Not exactly true. There's a laundry list of what constitutes germane versus non-germane expenses and it's apparently subject to interpretation. Bottom line: ALPA and APA agency fee is about 85% of full dues. USAPA is claiming at least 95%.
 
Ahhh...Tell your BUDDY!! that destroying/defacing
US currency is a federal offence!! D-A$$!!

"..Whoever mutilates, cuts, disfigures, perforates, unites or cements together, or does any other thing to any bank bill, draft, note, or other evidence of debt issued by any national banking association, Federal Reserve Bank, or Federal Reserve System, with intent to render such item(s) unfit to be reissued, shall be fined not more than $100 or imprisoned not more than six months, or both.

Defacement of currency in such a way that it is made unfit for circulation comes under the jurisdiction of the United States Secret Service...."
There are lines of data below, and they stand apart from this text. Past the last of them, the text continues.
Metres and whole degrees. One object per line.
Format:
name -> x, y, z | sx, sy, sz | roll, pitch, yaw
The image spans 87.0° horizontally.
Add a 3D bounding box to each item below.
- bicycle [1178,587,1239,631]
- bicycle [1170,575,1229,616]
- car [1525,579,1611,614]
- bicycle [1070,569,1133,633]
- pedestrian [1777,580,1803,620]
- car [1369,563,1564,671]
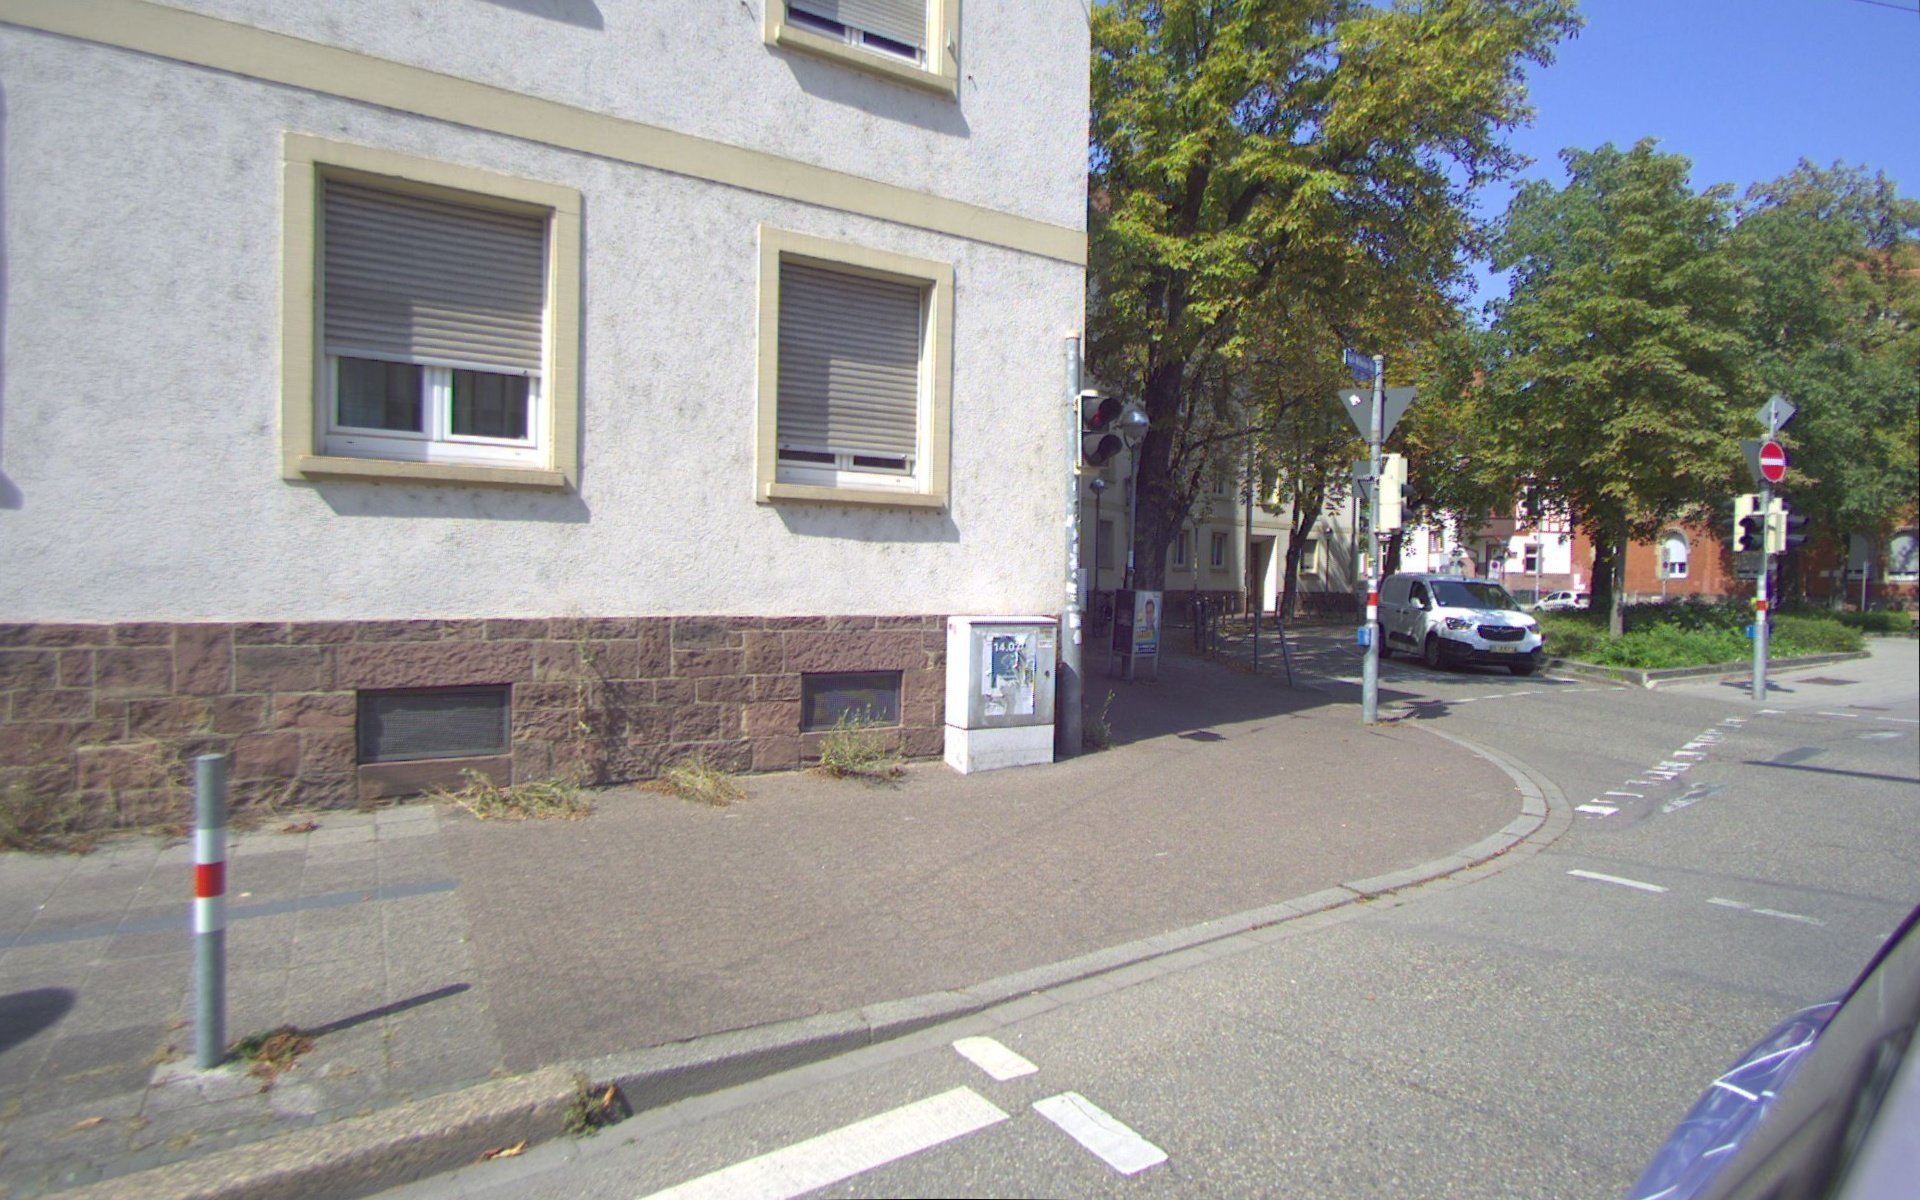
bicycle -> 6.967, 0.230, 28.317 | 0.806, 1.139, 2.239 | 5, 3, 36
bicycle -> 8.440, -0.167, 35.633 | 2.315, 1.427, 0.889 | -1, 0, -44
car -> 34.440, -0.219, 57.507 | 1.767, 1.834, 4.423 | 1, 1, -8
bicycle -> 3.565, 0.005, 25.238 | 1.010, 1.470, 2.673 | 2, 1, 20
pedestrian -> 40.430, 0.011, 49.295 | 0.667, 1.908, 0.917 | 1, 1, 19
car -> 9.699, 0.239, 19.811 | 1.772, 1.834, 4.413 | 1, 1, 3

How you gonna prove he defaced it, "D-A$$? " :rolleyes:

No wonder why Seham loves you guys......

PHXFLYR:cool:
 
It's pointless talking to anybody who thinks they can get out of paying dues just because they feel like it. NEWS FLASH: you work for a closed shop! You have to pay dues whether you like it or not!
So sorry, so sad...
 
Here is the simple truth: USAPA is the legal CBA, they have been the CBA since April 2008 and all pilots employed at USAirways must pay dues. I understand some of you all out west have trouble abiding by federal laws (RICO) but really, isn't it time to grow up?

Paid up since early this year, member in good standing.

Speaking of growing up, when exactly is it good union business to urinate away nearly $300,000 on a RICO lawsuit that was DISMISSED WITH PREJUDICE? This case should have been dropped over a year ago. Now Cleary is taking back to court. If it gets shot down again (gee, what do you suppose the odds of that are??), will ANY east pilot figure out that Cleary is going to cost you a bunch of money??

Further PERSECUTION of the C18 could cost USAPA in counter suits.

Why don't you do something productive, like calling your BPR representative and tell him to cease all litigation against the C18 IMMEDIATELY. That would be a good first step to getting this pilot group together.

With USAPA actions against the West pilot group (attempting to circumnavigate the Nicolau list, RICO lawsuit against Cactus pilots, and attempts to appeal the DFR lawsuit), is it ANY WONDER why any West pilot has trouble coughing up $$ to our "union":nuts:??
 
Well let's see, what part of DFR don't you understand?

As far as USAPA being the legal CBA, that will change, very, very shortly.
That would be brilliant... 6 months before the West has the majority vote, you get rid of "your"union and bring back ALPA.
I would expect nothing less
 
That would be brilliant... 6 months before the West has the majority vote, you get rid of "your"union and bring back ALPA.
I would expect nothing less

Under the leadership of Sheepman and his follower Cleary, they will soon find they are in the corral with no place to run.
 
NEWS FLASH: you work for a closed shop!
Typical Seham follower, can't even get facts straight. Like all other unionized US carriers we're an agency shop. That means membership is optional but agency fee is required. A closed shop means membership is required.
 
Where does USAPA get it's legal advice from?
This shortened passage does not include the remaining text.